**Records shown**

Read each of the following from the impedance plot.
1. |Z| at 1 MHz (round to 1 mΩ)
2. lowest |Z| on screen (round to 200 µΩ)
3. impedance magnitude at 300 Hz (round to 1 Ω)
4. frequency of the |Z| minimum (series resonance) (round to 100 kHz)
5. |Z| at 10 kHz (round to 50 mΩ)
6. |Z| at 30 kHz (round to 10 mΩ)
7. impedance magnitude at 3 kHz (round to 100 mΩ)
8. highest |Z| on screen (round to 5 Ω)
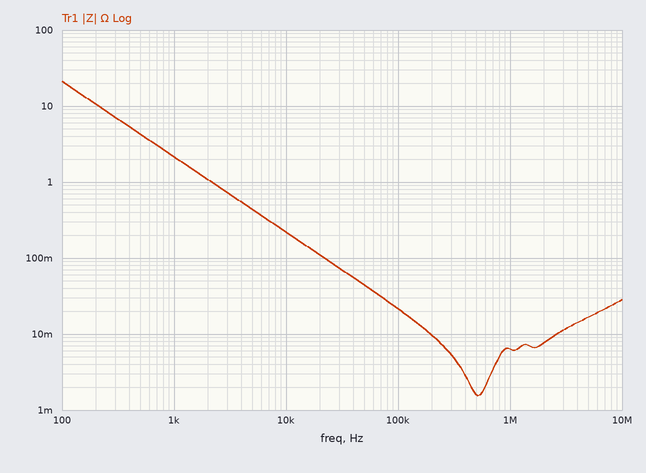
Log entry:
6 mΩ
1.6 mΩ
7 Ω
500 kHz
200 mΩ
70 mΩ
700 mΩ
20 Ω
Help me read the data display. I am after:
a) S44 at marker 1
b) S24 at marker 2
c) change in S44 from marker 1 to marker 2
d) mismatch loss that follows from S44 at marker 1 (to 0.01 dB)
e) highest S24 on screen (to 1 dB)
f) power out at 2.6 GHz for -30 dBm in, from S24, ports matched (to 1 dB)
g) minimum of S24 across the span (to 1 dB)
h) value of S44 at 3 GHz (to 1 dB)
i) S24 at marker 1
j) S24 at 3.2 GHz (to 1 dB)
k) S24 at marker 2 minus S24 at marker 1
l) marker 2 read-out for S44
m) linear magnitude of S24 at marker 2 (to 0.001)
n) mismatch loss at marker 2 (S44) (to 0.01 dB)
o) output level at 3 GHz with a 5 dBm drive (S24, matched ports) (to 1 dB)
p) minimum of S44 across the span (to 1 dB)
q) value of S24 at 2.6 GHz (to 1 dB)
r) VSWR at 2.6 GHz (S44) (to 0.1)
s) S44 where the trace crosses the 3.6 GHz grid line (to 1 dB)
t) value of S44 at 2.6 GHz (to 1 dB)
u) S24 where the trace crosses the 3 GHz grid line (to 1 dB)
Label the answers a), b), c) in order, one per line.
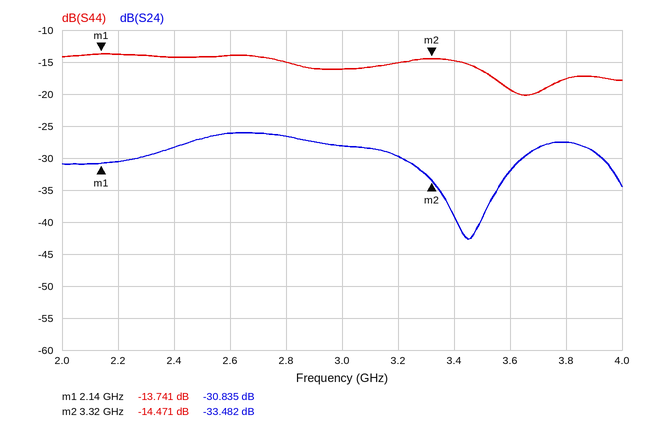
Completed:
a) -13.741 dB
b) -33.482 dB
c) -0.730 dB
d) 0.19 dB
e) -26 dB
f) -56 dBm
g) -43 dB
h) -16 dB
i) -30.835 dB
j) -30 dB
k) -2.647 dB
l) -14.471 dB
m) 0.021
n) 0.16 dB
o) -23 dBm
p) -20 dB
q) -26 dB
r) 1.5
s) -19 dB
t) -14 dB
u) -28 dB
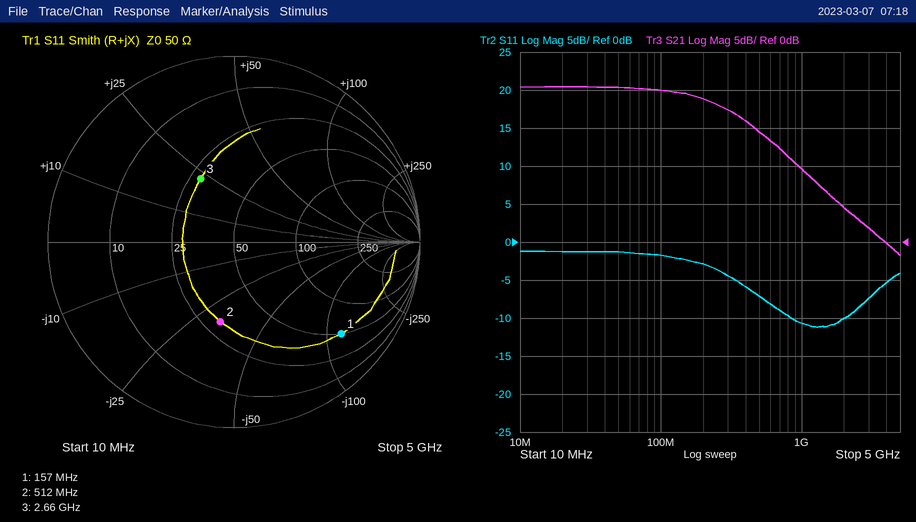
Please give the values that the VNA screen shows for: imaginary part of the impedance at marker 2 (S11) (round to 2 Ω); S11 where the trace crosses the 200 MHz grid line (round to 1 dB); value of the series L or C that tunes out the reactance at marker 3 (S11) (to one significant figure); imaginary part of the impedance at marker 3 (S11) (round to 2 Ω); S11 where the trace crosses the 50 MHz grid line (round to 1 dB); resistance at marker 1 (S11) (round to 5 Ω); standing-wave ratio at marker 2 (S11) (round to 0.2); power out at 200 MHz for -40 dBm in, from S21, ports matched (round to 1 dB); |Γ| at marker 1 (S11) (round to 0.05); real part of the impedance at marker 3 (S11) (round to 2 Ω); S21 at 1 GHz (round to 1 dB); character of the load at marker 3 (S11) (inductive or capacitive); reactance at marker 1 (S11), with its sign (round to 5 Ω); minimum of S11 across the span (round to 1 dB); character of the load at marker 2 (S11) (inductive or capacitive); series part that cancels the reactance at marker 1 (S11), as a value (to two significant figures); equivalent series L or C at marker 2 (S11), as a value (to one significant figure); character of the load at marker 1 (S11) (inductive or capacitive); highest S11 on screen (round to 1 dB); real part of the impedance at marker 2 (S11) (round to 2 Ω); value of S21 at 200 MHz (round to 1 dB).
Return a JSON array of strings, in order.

["-32 Ω", "-3 dB", "3 pF", "+22 Ω", "-1 dB", "50 Ω", "2.6", "-21 dBm", "0.75", "28 Ω", "10 dB", "inductive", "-115 Ω", "-11 dB", "capacitive", "120 nH", "10 pF", "capacitive", "-1 dB", "30 Ω", "19 dB"]
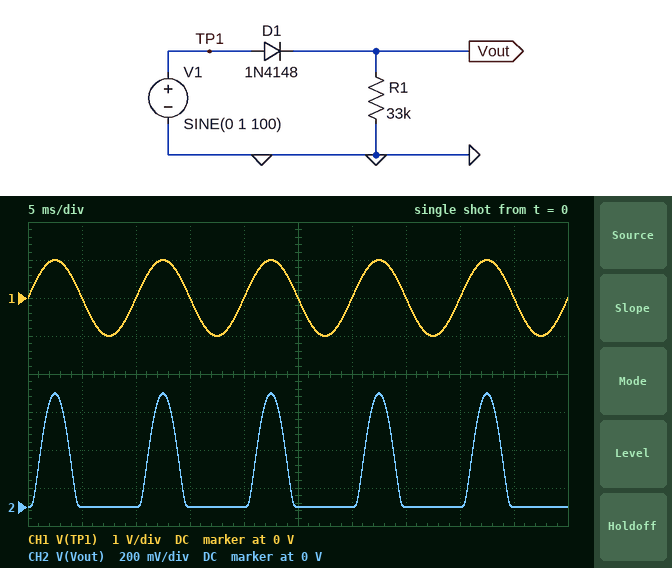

**Problem statement**
Your answer should consist solely of the lines above from the line with "q) value of S24 at 2.6 GHz (to 1 dB)" to the line with "Label the answers", both included, reproduced exactly.

**Task solution**
q) value of S24 at 2.6 GHz (to 1 dB)
r) VSWR at 2.6 GHz (S44) (to 0.1)
s) S44 where the trace crosses the 3.6 GHz grid line (to 1 dB)
t) value of S44 at 2.6 GHz (to 1 dB)
u) S24 where the trace crosses the 3 GHz grid line (to 1 dB)
Label the answers a), b), c) in order, one per line.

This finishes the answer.